The point of a placebo outcome test is to check whether there could be an unobserved confounding effect that causes bias in regression estimates. This would be the case if coefficients for the placebo outcome is yields statistically significant estimates from each of the estimates.
According to the table above, in this case the results make me more confident in the analysis from Part 3. Save for the estimator for number of days between 80-90F, all of the placebo regression’s estimates have p-values above 0.05, deeming them statistically insignificant.

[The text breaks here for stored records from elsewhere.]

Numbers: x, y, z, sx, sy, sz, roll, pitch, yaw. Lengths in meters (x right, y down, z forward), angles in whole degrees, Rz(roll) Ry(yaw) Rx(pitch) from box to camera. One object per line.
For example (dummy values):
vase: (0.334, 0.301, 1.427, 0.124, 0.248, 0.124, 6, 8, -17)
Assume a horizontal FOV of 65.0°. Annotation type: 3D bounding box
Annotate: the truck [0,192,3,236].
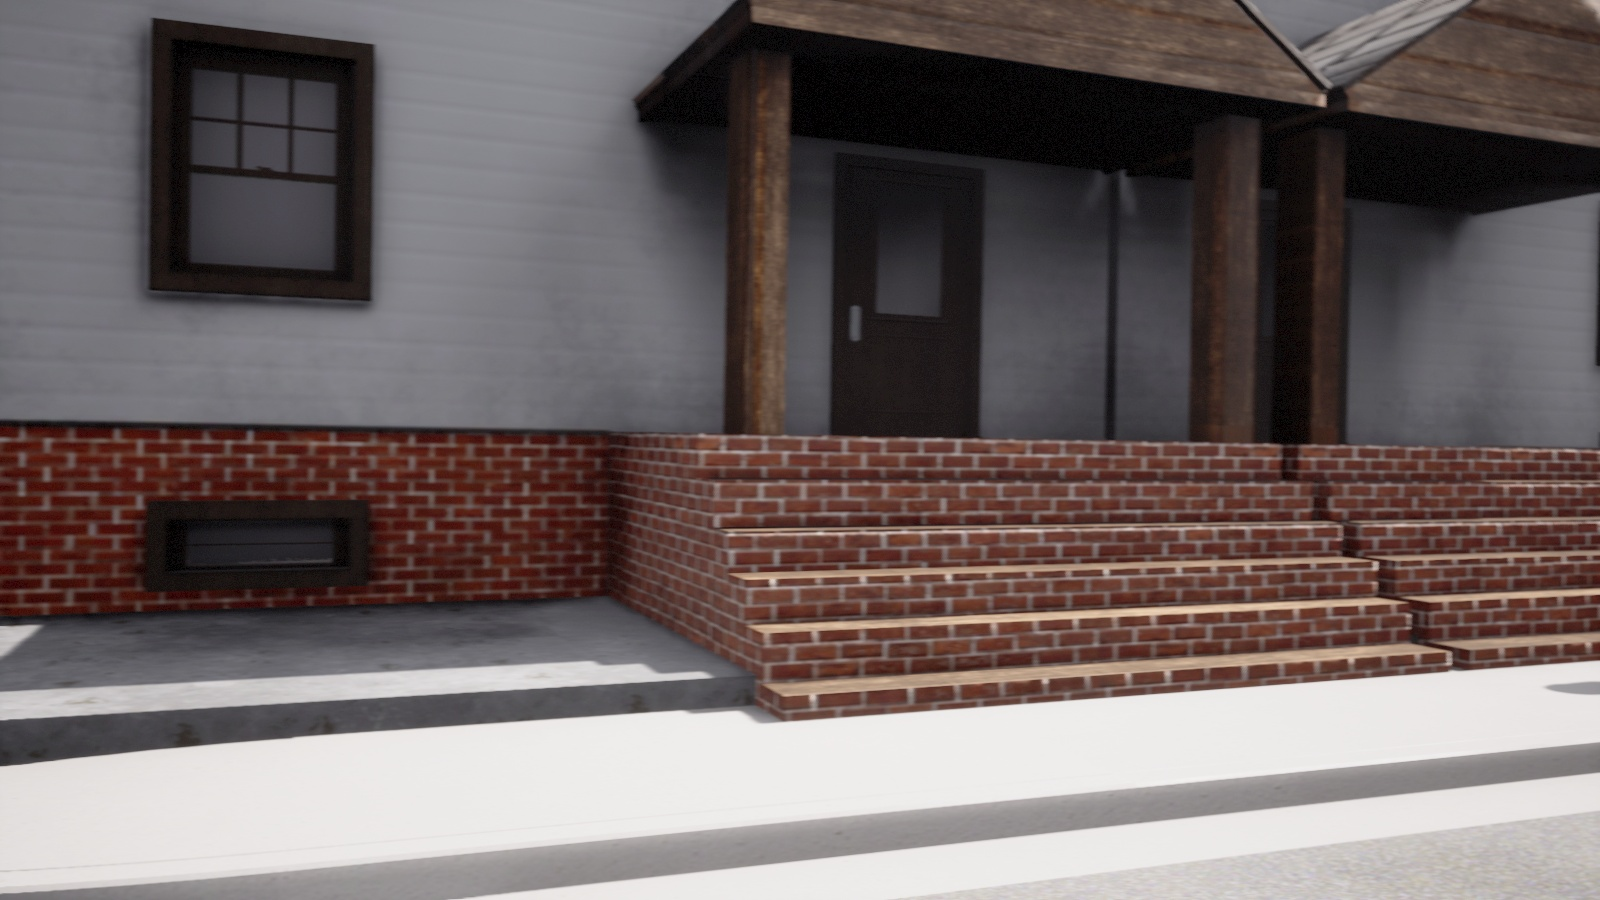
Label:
truck: (-25.363, -7.665, 35.743, 2.891, 3.462, 7.936, 0, 13, -21)

The days_8090 estimator is statistically significant, with a p-value of 0.01 (below the 0.05 threshold), but this effect can also be explained by the fact that more disease vectors like bacteria will thrive in this temperature band. This doesn’t necessarily make me less confident about the analysis in Part 3, but it does provide important context as to a potential confounding aspect – however slight - to the relationship that we observe in the original regression.